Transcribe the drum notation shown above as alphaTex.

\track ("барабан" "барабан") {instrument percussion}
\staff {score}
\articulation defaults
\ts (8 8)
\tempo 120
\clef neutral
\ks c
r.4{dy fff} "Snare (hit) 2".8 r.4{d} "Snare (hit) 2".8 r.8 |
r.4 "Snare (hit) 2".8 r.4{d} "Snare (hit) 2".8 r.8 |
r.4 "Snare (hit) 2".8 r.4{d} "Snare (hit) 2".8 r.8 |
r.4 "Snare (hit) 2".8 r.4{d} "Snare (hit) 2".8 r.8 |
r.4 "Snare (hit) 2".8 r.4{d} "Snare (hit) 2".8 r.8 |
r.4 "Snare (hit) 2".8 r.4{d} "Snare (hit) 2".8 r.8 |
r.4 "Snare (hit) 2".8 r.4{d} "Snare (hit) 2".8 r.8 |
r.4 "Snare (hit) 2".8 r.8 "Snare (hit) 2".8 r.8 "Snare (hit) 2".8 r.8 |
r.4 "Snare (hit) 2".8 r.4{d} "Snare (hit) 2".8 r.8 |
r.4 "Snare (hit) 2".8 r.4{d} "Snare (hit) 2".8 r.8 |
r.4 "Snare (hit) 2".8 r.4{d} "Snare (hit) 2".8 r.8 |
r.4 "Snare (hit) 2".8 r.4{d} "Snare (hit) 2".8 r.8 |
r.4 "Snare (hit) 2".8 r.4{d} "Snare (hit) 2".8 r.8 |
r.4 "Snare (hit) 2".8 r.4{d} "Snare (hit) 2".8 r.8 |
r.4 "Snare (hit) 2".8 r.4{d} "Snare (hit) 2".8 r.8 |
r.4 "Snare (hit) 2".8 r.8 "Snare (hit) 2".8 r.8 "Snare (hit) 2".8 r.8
* * * * * * * * *
## TASK GOAL
Every record must be transcribed exactly as written.

## TASK ANSWER
Transcribe the drum notation shown above as alphaTex.

\track ("барабан" "барабан") {instrument percussion}
\staff {score}
\articulation defaults
\ts (8 8)
\tempo 120
\clef neutral
\ks c
r.4{dy fff} "Snare (hit) 2".8 r.4{d} "Snare (hit) 2".8 r.8 |
r.4 "Snare (hit) 2".8 r.4{d} "Snare (hit) 2".8 r.8 |
r.4 "Snare (hit) 2".8 r.4{d} "Snare (hit) 2".8 r.8 |
r.4 "Snare (hit) 2".8 r.4{d} "Snare (hit) 2".8 r.8 |
r.4 "Snare (hit) 2".8 r.4{d} "Snare (hit) 2".8 r.8 |
r.4 "Snare (hit) 2".8 r.4{d} "Snare (hit) 2".8 r.8 |
r.4 "Snare (hit) 2".8 r.4{d} "Snare (hit) 2".8 r.8 |
r.4 "Snare (hit) 2".8 r.8 "Snare (hit) 2".8 r.8 "Snare (hit) 2".8 r.8 |
r.4 "Snare (hit) 2".8 r.4{d} "Snare (hit) 2".8 r.8 |
r.4 "Snare (hit) 2".8 r.4{d} "Snare (hit) 2".8 r.8 |
r.4 "Snare (hit) 2".8 r.4{d} "Snare (hit) 2".8 r.8 |
r.4 "Snare (hit) 2".8 r.4{d} "Snare (hit) 2".8 r.8 |
r.4 "Snare (hit) 2".8 r.4{d} "Snare (hit) 2".8 r.8 |
r.4 "Snare (hit) 2".8 r.4{d} "Snare (hit) 2".8 r.8 |
r.4 "Snare (hit) 2".8 r.4{d} "Snare (hit) 2".8 r.8 |
r.4 "Snare (hit) 2".8 r.8 "Snare (hit) 2".8 r.8 "Snare (hit) 2".8 r.8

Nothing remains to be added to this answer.